GOAL OF THE EXERCISE – Below are some records. Return exactly the lines from the one containing "16) handbag (688, 48, 862, 250)" through the one containing "19) chip can (633, 258, 789, 487)", both included, and only those.

Collected data
↓↓↓
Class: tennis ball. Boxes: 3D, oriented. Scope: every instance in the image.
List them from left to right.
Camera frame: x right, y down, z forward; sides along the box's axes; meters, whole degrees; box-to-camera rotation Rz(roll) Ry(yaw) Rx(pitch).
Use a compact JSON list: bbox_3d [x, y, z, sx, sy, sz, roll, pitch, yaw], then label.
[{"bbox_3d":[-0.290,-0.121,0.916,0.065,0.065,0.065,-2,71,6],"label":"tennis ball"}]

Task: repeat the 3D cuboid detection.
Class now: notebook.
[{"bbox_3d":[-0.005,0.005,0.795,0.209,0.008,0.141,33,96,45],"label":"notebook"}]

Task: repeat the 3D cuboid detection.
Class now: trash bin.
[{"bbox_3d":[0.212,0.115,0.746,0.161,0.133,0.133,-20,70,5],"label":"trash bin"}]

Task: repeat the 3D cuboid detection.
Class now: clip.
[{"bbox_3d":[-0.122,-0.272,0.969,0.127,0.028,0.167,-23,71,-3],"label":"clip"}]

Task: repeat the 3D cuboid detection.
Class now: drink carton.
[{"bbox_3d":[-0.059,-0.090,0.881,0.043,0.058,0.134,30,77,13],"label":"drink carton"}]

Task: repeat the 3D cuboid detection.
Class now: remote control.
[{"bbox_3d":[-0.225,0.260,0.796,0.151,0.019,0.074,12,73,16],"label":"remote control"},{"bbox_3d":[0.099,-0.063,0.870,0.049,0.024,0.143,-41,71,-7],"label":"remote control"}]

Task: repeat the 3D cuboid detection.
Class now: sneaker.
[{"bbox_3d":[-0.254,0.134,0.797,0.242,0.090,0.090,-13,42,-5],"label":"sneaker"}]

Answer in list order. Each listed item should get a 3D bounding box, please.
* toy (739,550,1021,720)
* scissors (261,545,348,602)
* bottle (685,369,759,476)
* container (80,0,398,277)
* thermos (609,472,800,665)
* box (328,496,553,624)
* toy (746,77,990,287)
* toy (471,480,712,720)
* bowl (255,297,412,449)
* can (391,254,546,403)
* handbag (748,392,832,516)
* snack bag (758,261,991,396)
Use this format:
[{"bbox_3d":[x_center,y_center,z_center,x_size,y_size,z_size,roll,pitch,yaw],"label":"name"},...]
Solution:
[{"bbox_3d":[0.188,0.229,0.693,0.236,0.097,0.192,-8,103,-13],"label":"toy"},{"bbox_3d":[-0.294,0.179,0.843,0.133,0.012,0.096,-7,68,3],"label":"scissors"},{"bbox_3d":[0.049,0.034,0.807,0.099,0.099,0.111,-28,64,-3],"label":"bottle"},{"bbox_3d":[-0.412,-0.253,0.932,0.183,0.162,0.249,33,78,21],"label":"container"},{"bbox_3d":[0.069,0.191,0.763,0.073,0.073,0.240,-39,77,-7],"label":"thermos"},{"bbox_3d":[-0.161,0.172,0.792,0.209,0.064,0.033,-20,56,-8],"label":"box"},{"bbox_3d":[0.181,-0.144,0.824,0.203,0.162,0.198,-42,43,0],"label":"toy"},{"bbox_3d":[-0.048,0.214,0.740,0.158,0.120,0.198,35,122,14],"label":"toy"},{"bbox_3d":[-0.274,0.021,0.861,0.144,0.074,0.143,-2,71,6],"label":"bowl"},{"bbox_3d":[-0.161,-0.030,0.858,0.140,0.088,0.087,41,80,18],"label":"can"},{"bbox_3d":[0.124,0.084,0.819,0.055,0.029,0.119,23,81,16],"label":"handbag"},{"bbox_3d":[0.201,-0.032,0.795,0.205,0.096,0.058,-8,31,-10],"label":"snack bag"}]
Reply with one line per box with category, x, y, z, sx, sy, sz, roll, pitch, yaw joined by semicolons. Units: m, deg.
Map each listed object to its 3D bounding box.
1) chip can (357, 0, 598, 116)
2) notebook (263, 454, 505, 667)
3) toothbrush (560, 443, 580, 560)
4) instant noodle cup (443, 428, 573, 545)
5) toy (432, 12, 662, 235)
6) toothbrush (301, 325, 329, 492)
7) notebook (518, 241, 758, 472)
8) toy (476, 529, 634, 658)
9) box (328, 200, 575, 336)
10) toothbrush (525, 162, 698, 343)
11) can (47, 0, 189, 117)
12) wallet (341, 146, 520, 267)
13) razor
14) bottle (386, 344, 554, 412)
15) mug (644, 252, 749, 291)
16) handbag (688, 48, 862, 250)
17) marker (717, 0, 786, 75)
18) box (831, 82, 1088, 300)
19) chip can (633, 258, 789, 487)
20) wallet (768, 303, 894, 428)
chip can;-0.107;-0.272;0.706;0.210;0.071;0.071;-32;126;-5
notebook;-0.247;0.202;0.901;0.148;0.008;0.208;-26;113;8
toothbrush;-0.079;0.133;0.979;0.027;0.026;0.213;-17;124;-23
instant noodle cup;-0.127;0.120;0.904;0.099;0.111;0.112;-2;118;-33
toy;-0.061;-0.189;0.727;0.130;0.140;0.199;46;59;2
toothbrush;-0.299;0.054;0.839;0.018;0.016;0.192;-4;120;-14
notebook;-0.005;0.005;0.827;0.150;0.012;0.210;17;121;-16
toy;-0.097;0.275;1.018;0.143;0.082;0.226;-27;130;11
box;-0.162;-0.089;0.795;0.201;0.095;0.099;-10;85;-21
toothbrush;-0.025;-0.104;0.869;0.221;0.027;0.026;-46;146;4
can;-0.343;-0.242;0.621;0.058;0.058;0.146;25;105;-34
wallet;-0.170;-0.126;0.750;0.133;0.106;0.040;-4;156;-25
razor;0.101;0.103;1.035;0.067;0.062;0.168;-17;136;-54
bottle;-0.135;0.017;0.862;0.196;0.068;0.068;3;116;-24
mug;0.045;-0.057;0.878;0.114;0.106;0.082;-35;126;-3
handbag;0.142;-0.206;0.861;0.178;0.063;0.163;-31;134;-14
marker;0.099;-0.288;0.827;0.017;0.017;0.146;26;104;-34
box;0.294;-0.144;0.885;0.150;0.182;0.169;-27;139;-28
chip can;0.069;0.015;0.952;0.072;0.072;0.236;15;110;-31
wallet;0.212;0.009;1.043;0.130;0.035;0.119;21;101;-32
↑↑↑
RESPONSE BELOW –
16) handbag (688, 48, 862, 250)
17) marker (717, 0, 786, 75)
18) box (831, 82, 1088, 300)
19) chip can (633, 258, 789, 487)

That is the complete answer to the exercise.